Are courts becoming more lender-friendly?

Are courts becoming more lender-friendly?


Author: Rebecca Mauleverer & Jenny Callaway

Applies to: England and Wales

Are the courts beginning to take a more lender-friendly approach to enforcing security and guarantees?

In relation to the enforcement of security and guarantees, the courts have traditionally take the approach of determining any uncertainty in favour of the entity providing the security or guarantee. Cases that exemplify this approach include Clayton's Case (1815-16) 1 Mer 572 and Hopkinson v Holt (1861) 9 HLC. Some more recent cases do however point to an approach that supports lender's usual practices and could ultimately lead to a more creditor-friendly approach.

In the case of Anfield (UK) Ltd v Bank of Scotland plc and others [2010] EWHC 2374 (24 September 2010), the High Court found in favour of a lender that had negligently failed to register its security. The lender advanced money to the borrower to enable the repayment of an earlier loan and the redemption of an associated charge. The lender was granted security for its loan but failed to register it and subsequently found itself in court competing for recourse to the borrower's assets against other creditors. Presented with arguments as to whether the lender could be subrogated to the security given for the earlier loan, the court ruled in favour of the bank, despite the failure to register, allowing the subrogation on the basis that the subsequent creditors would otherwise be unjustly enriched.

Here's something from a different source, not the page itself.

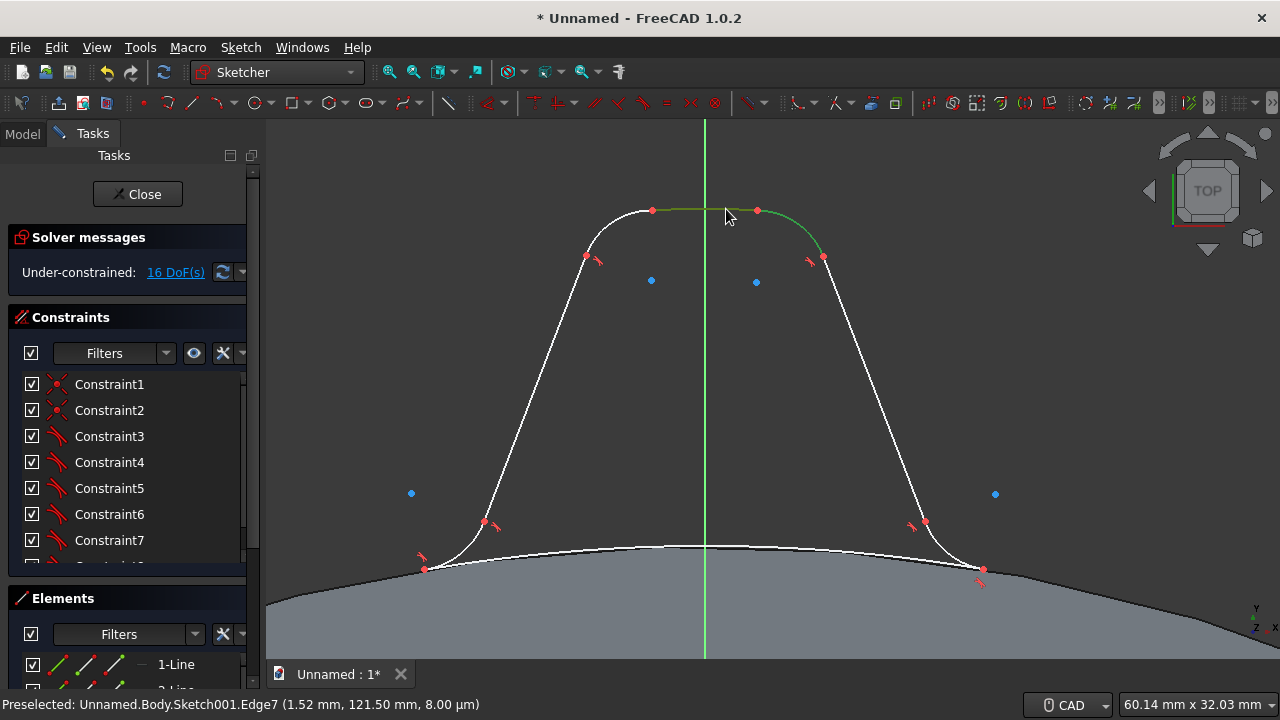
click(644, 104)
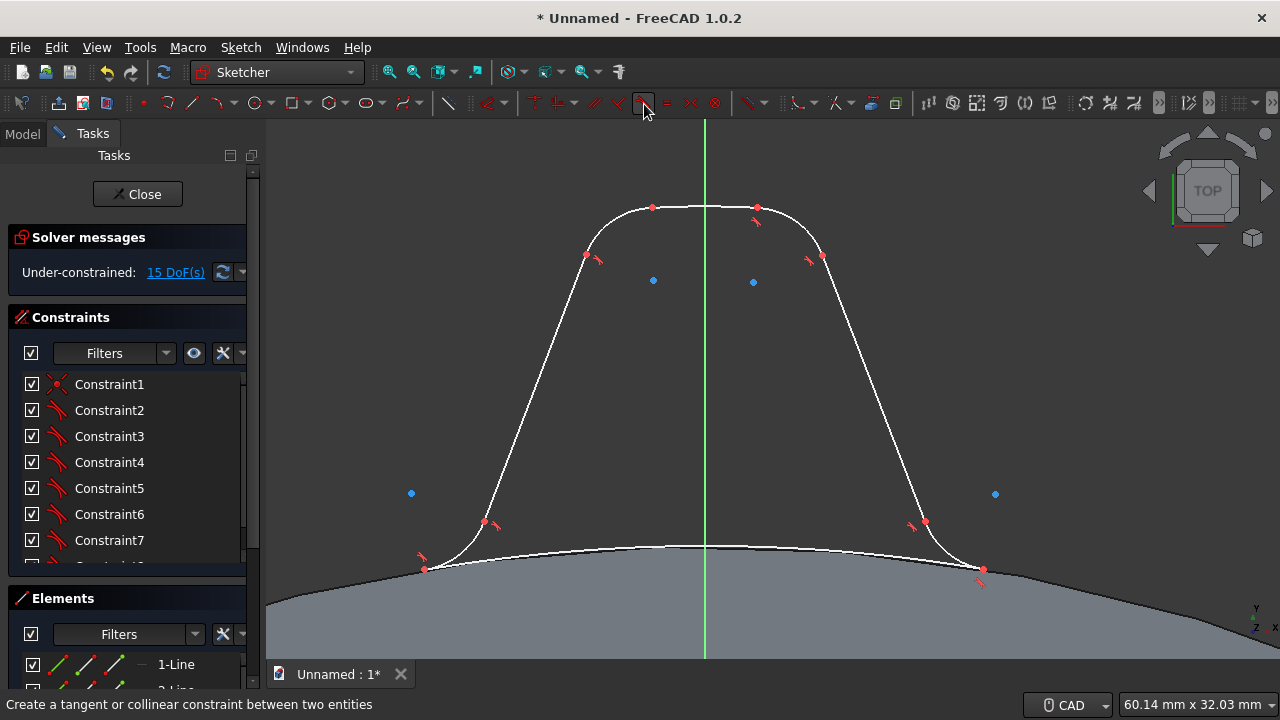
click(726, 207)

A different lender found similar support, on this occasion from the Court of Appeal, when a guarantor sought to invalidate a statutory demand made against it by the lender in White v Davenham Trust Ltd [2011] EWCA Civ 747 (28 June 2011). The guarantor called on the court's decision in John Remblance v Octagon Assets Limited to argue that it was unjust for the lender to pursue it before the lender was able (under the relevant insolvency rules) to issue a demand against the borrower. The Court of Appeal dismissed the appeal and in doing so supported the principle that a lender is free to exercise, or decline to exercise, its rights under the security and guarantees in whichever manner it may choose.

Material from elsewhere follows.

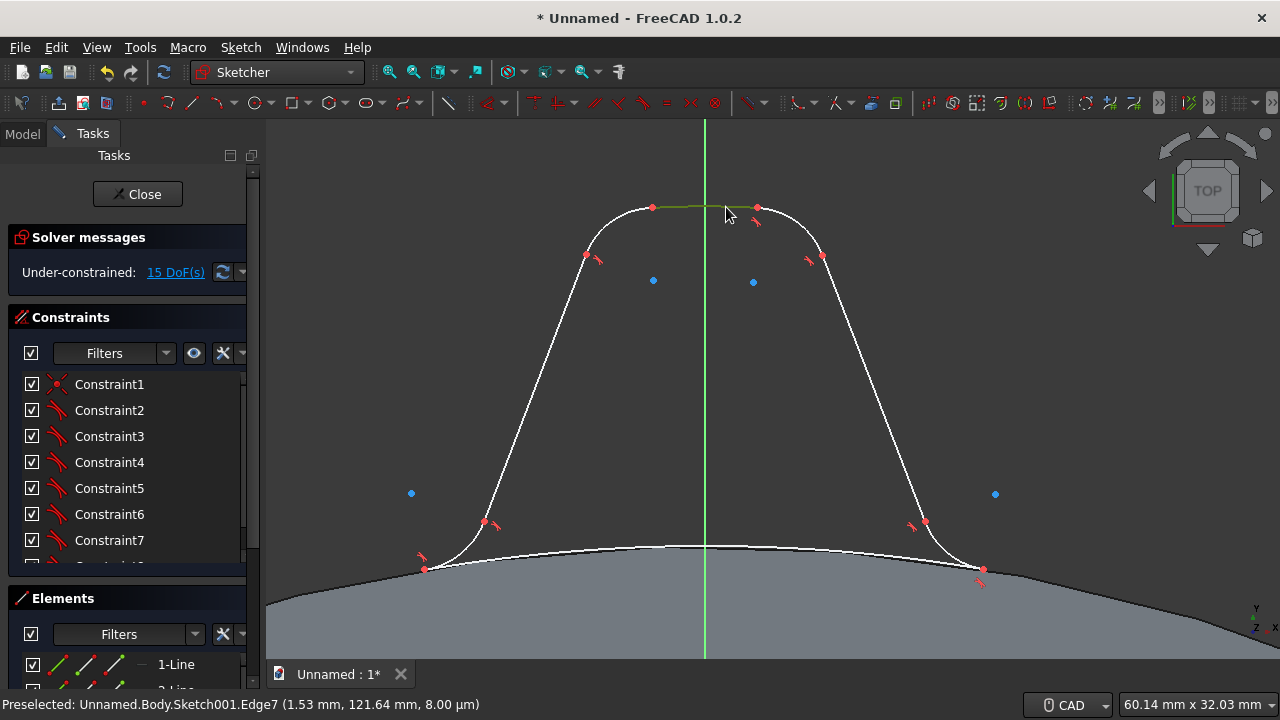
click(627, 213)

The case of Black Ant Co Ltd (in administration) [2014] EWHC 1161 (Ch) (15 April 2014) had lenders up and down the country breathing a sigh of relief when the High Court found that the restatement of an existing facility and the rolling-up of unpaid interest and fees did not cause of loss of ranking under the 'anti-tacking' provisions of the Land Registration Act 2002.

The borrower in this case was asked by the lender to execute new facility letters in respect of an existing facility which included amounts of unpaid interest and fees within the new principal amount. On the administration of the borrower, a competing creditor argued that the replacement of the facility letters constituted a deemed repayment and new borrowing of the existing facilities and that the rolling-up of interest and fees in particular was a further advance that the lender was not obliged under the terms of the original documentation to make. Had they found support, these arguments would have caused a loss of priority for the lender's charge but the court found that there was little documentary evidence to make the argument and looked to the commercial nature of the transaction between borrower and lender to find that the obvious purpose of the new facility was to subject the existing advance to the lender's updated terms and not to advance new money.

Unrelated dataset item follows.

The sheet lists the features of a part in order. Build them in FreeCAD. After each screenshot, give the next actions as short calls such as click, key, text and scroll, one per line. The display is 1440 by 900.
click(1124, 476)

The decision in Black Ant was appealed by the second chargeholder in Urban Ventures Ltd v Thomas and others [2016] EWCA Civ 30 (29 January 2016) allowing the Court of Appeal to make a ruling on the point. The chargeholder pointed to a clause in the new agreements purporting to cancel the existing facilities to again make the argument that facility documentation had been replaced by a new contract and consequentially a new loan had been advanced.

Adding further support to the commercial practices of lenders, the Court of Appeal held that the question of whether there was a new advance was not answered by determining whether the new facility document was a variation or a wholesale replacement of the existing document. The principal and interest were contemplated by the original facility agreement and without an express agreement between the parties for the repayment and re-lending of the loan (or the unpaid interest), the sums could not be considered a new advance. The court did acknowledge that fees charged on subsequent renewals would need to be considered carefully and separately to see if they were contemplated by the original agreement; some fees payable under the terms of a renewal will constitute new advances for the purposes of the anti-tacking provisions.

While the above cases may indicate a slight change in approach by the courts, lenders should continue to take great care when taking security and guarantees. The absence of intercreditor documentation continues to be the source of many disputes between creditors both inside and outside of the courts and we continue to recommend that the intercreditor relationship is formally documented.


This document is for informational purposes only and does not constitute legal advice. It is recommended that specific professional advice is sought before acting on any of the information given.